Learn to perform accurate, local Speech Recognition using the open-source Whisper model. This guide covers setup, basic transcription, and model selection for building voice-enabled applications without relying on cloud APIs. Get started transcribing audio in minutes.

intermediate30 min5 steps

The play

Set Up Your Environment
Whisper requires the `ffmpeg` command-line tool for audio processing. Install it first using your system's package manager (e.g., `brew install ffmpeg` on macOS, `sudo apt install ffmpeg` on Debian/Ubuntu). Then, install the Python library.
Perform Basic Transcription
Create a Python script to load a Whisper model and transcribe an audio file. The `base` model is a good starting point, offering a balance between speed and accuracy for English. This is the core of the Speech Recognition skill.
Improve Accuracy with Larger Models
Whisper offers various model sizes (`tiny`, `base`, `small`, `medium`, `large`). Larger models provide better accuracy, especially for noisy audio or diverse languages, at the cost of speed and computational resources. Simply change the model name in `load_model`.
Enable Language Identification
A key capability of Speech Recognition is identifying the language being spoken. Whisper can do this automatically. By not specifying a language in the `transcribe` function, it will auto-detect it and include it in the output.
Extract Word-Level Timestamps
For agentic voice pipelines, knowing *when* a word was said is crucial. Set `word_timestamps=True` in the `transcribe` call to get start and end times for each word, enabling more responsive and interactive applications.

Starter code

import whisper
import os

# This starter script requires `pydub` to generate a test file.
# Install it with: pip install pydub

# --- 1. Generate a dummy audio file for testing ---
# This avoids needing a separate audio file. Requires ffmpeg to be installed.
try:
    from pydub import AudioSegment
    from pydub.generators import Sine

    # Generate a 3-second sine wave at 440 Hz (note 'A')
    sine_wave = Sine(440).to_audio_segment(duration=3000) # duration in ms
    # Add 1 second of silence at the beginning
    silence = AudioSegment.silent(duration=1000)
    audio_segment = silence + sine_wave

    # Export as WAV
    audio_file = "generated_speech_test.wav"
    audio_segment.export(audio_file, format="wav")
    print(f"Successfully created test audio file: {audio_file}")

except ImportError:
    print("\nPlease install pydub (`pip install pydub`) to auto-generate a test audio file.")
    print("Alternatively, create a file named 'generated_speech_test.wav' manually.")
    exit()
except Exception as e:
    print(f"Error creating audio file: {e}")
    print("Please ensure ffmpeg is installed and accessible in your system's PATH.")
    exit()

# --- 2. Perform Speech Recognition with Whisper ---
if os.path.exists(audio_file):
    print("\nLoading Whisper model ('base'). This may take a moment on first run...")
    # Using the 'base' model for a good balance of speed and accuracy
    model = whisper.load_model("base")

    print(f"Transcribing {audio_file}...")
    # Note: The generated audio is a sine wave, so Whisper will likely transcribe silence or nonsensical words.
    # Replace 'generated_speech_test.wav' with a real speech file for an actual transcription.
    result = model.transcribe(audio_file)

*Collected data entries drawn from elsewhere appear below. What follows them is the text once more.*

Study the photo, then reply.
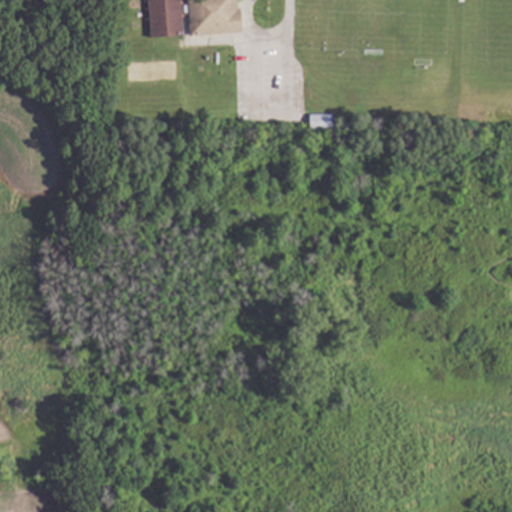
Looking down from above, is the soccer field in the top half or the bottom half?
top
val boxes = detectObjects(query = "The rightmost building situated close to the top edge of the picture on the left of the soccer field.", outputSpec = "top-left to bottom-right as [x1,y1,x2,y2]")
[188,0,242,34]
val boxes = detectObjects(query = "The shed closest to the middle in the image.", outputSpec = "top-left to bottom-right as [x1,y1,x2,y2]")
[310,112,334,128]
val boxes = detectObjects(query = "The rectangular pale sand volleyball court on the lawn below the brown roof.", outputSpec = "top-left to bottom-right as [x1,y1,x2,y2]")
[128,58,176,82]
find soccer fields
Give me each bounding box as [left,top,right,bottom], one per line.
[296,0,450,54]

    print("\n--- Transcription Result ---")
    # For the generated sine wave, the text will be empty or nonsensical.
    # This demonstrates the process is working.
    print(f"Detected Language: {result['language']}")
    print(f"Transcription: {result['text']}")
    print("\nStarter script finished. Replace 'generated_speech_test.wav' with your own audio file to see a real transcription.")

    # Clean up the generated file
    os.remove(audio_file)